Inbound Logistics | January 2026

THOUGHT Leaders CONTENT PARTNERS

Why Transportation Strategy Can’t Be Static in a Volatile Market

Q From a COO’s perspective, what’s the biggest mistake leaders make when planning transportation strategy for the year ahead? A The biggest mistake is assuming the market will behave the way it did last year. Transportation planning is still often anchored to historical pricing, static forecasts, and the belief that volatility is temporary. But that’s no longer the environment we’re facing. In 2026, leaders face real forces that directly affect transportation outcomes: evolving trade policies and tariffs, persistent labor constraints, regulatory pressure, and uneven capacity recovery across modes and equipment types . When transportation strategy is built on last year’s conditions, it breaks the moment those forces shift. From an operational standpoint, the risk isn’t simply higher costs; it’s being locked into decisions that can’t adapt when the market inevitably moves. Q How do changes within the business itself complicate transportation decisions? A Transportation strategy doesn’t exist in isolation, it evolves with the business. New customers, changes in suppliers, shifts in production locations, or expansion into new markets all reshape freight patterns, often faster than organizations expect. What worked for one customer mix or supplier footprint may no longer apply as the business grows or changes.

COOs see this firsthand when legacy contracts, lane strategies, or carrier assumptions no longer align with how freight actually flows.
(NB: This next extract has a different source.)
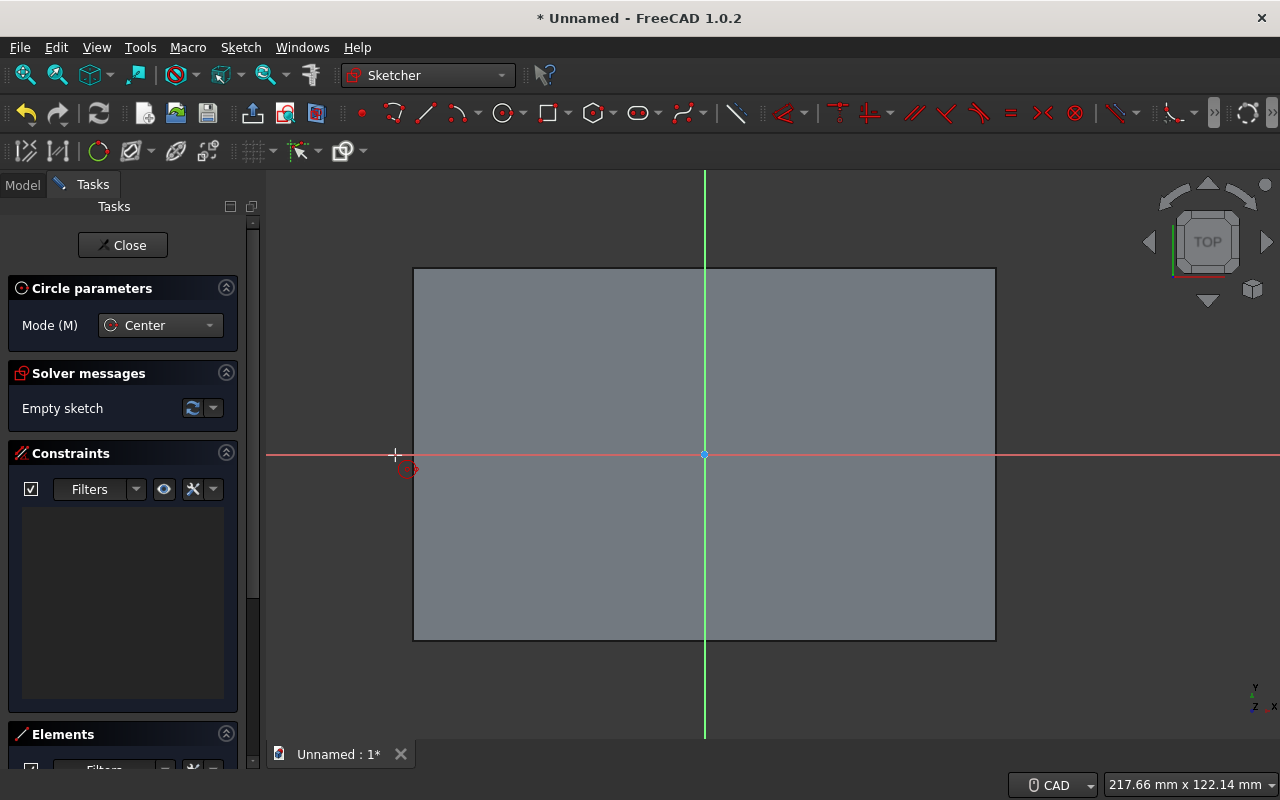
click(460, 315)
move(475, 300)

Teams are then forced to manage around structural misalignment instead of executing efficiently. The challenge isn’t that the original strategy was flawed; it’s that it wasn’t designed to flex alongside business change. Q Why is it critical to rethink transportation strategy now, particularly given where contract and spot market dynamics are heading? A We’re entering a cycle where traditional contract and spot market relationships are becoming less predictable. Historically, contracts provided stability while the spot market absorbed volatility. As we move forward in 2026, those curves are increasingly compressing, with periods where spot rates undercut contract pricing, followed by rapid reversals when capacity tightens. When transportation strategy is overly rigid, organizations miss opportunities in soft markets and face heightened exposure when conditions shift. From a COO’s perspective, the goal isn’t to chase the lowest rate; it’s to build a balanced approach that protects the business across market cycles. Leaders who fail to rethink their transportation strategy now risk structural misalignment at the very moment volatility accelerates again.